As reported by Bloomberg News, Musk is threatening to relocate his Fremont plant to other states, such as Texas or Nevada, after tweeting that he would sue Alameda County. Hours later he did indeed file a suit in the U.S. District Court in San Francisco, claiming the county’s health order violates due process and “puts businesses deemed critical to the nation’s well-being by the federal and state governments between a rock and a hard place.” He also said Tesla will decide whether to keep producing cars in California based on how it’s treated going forward.
While Musk may be a maverick, he’s been the tech sector’s loudest voice advocating for the reopening of the economy—and observers are now wondering which other businesses may follow his lead.
This weekend also saw the death of rock legend Little Richard, who passed away at the age of 87. Ad Age’s Garett Sloane took a look back at his career in advertising, pointing out that “part of his legacy beyond music was his undeniable charisma as a corporate promoter.”
The “Tutti Frutti” singer starred in commercials for some of the biggest brands, including Geico, Taco Bell, Sprint, Nike, McDonald's, Lipton and Revlon. One of the most memorable was the Nike commercial he made with Michael Jordan in 1991, directed by Spike Lee. Little Richard played “the genie of the lamp,” granting wishes to Lee's famous character Mars Blackmon.
There was also a starring role in a 2006 Geico ad, with Little Richard playing a customer who tells the story of a Thanksgiving accident. The ad was made by The Martin Agency, whose Senior VP and Group Creative Director Steve Bassett recalled this weekend: “Little Richard never missed a line or a beat, and he kept the atmosphere positive.”

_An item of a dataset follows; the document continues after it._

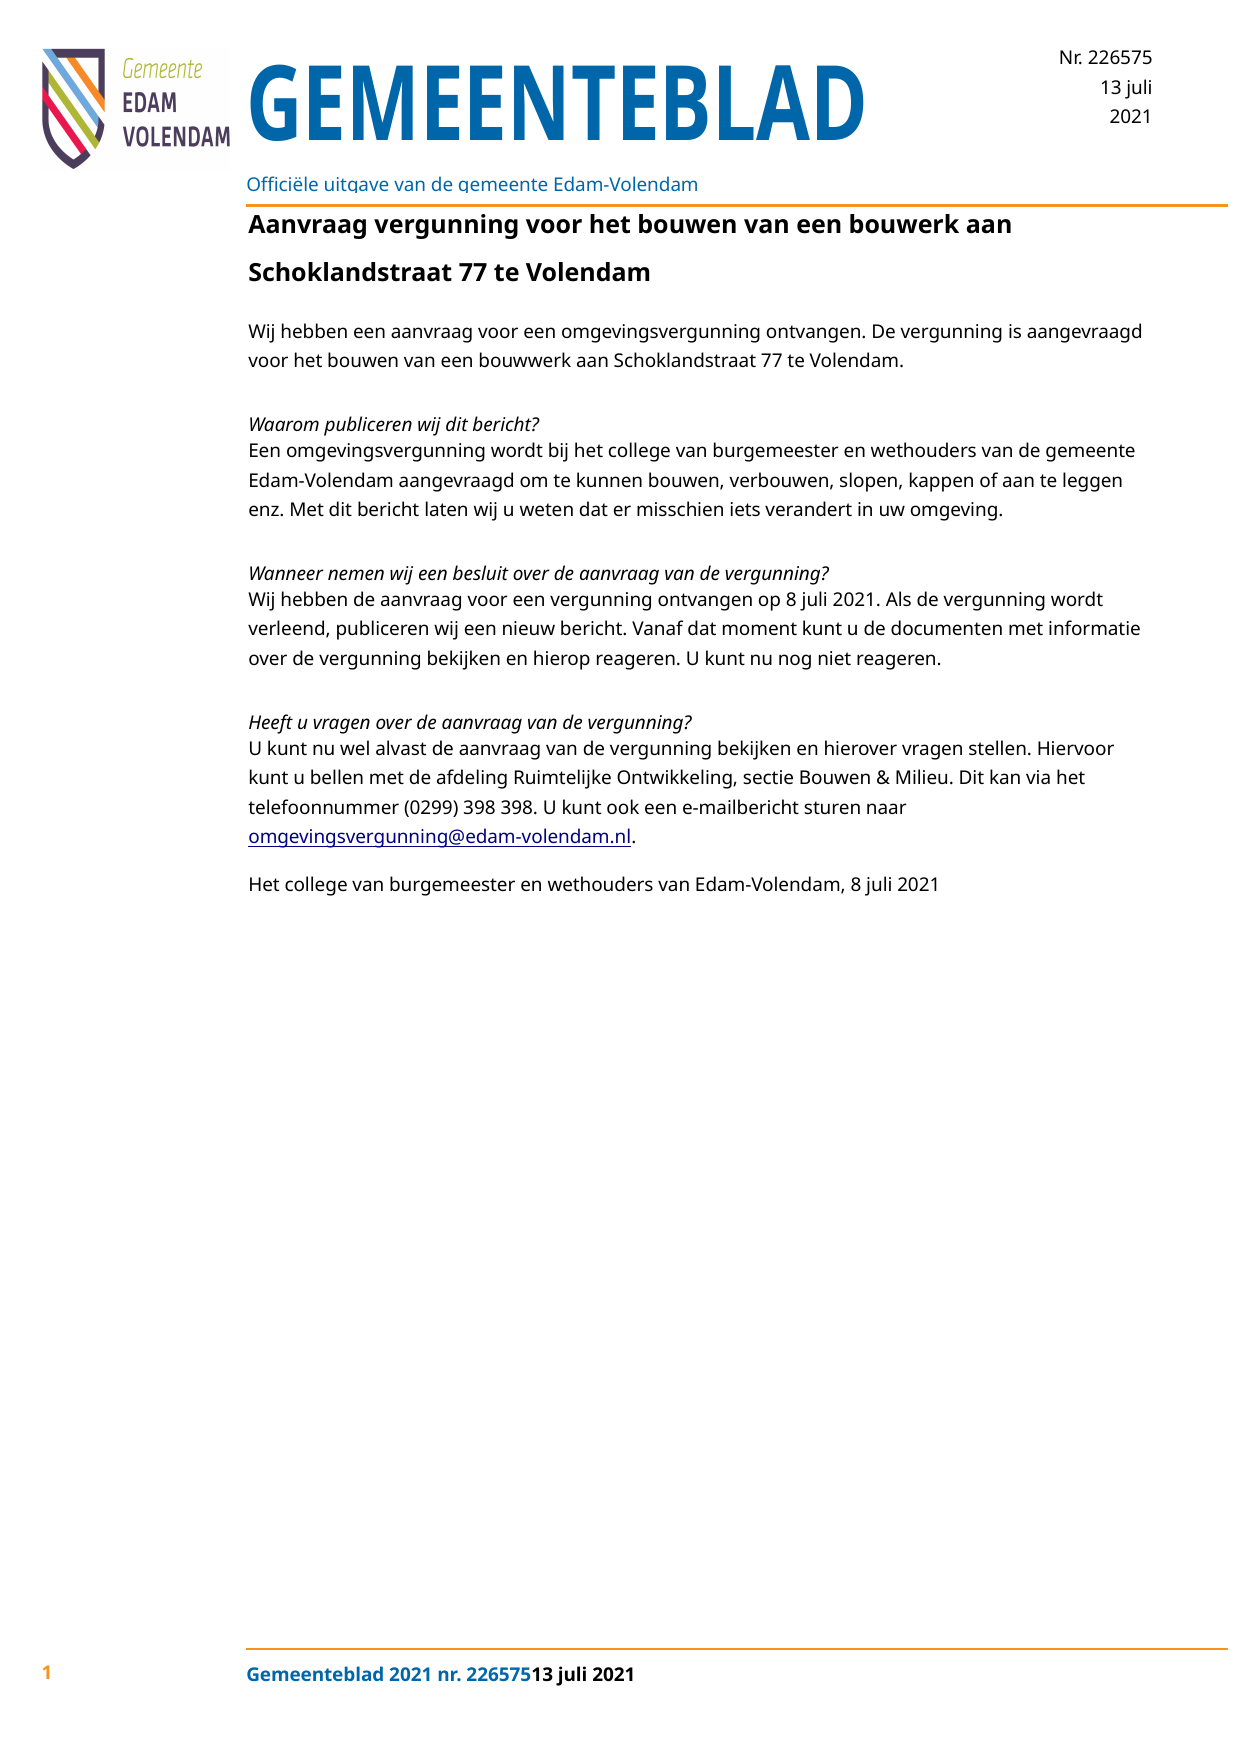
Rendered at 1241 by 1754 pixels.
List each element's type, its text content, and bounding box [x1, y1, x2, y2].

Mickey in a mask: Shanghai Disneyland has reopened today for the first time since January. However, as reported by CNN, visitors are required to wear masks, have their temperature taken and observe social distancing. And on opening day, cast members far outnumbered the guests.
Mother’s Day, pandemic style: Given the lockdown and lack of parental visiting, Mother’s Day advertising had to look a little different this year. Microsoft delivered a spot promoting its Teams conferencing platform that gave a shoutout to the millions of working moms who are WFH with their kids in the time of coronavirus. Ad Age Creativity Editor Ann-Christine Diaz writes: “As female leaders conduct their meetings, their little ones sneak up from behind, rest their heads on Mama’s shoulder, brush her hair, brandish swords in the background, scream or just yank Mom away from the computer altogether.” Might sound familiar to many.
Toasting the class of 2020: Graduation is another celebratory occasion that won’t be happening traditionally in 2020. However, Ad Age’s Ilyse Liffreing writes, “brands such as Chase, Natural Light and Doritos, along with platforms like Facebook, Instagram and iHeartMedia, have stepped up to help fill the void by throwing virtual graduation celebrations.” These online events will feature some all-star power; Oprah Winfrey will speak at the Facebook and Instagram event, while Barack Obama will deliver the address for education advocacy group XQ Institute, The LeBron James Family Foundation and The Entertainment Industry Foundation.
Jeff Bezo$: Web developer Matt Korostoff created an astonishing visualization of Jeff Bezos’ wealth that’s been going viral on Twitter. As Ad Age’s Simon Dumenco writes, “Korostoff figured out a way to make something rather incomprehensible—the real scale of billions and billions of dollars—exhaustingly comprehensible through the physical activity of scrolling.” And, he says, there will be a lot of scrolling.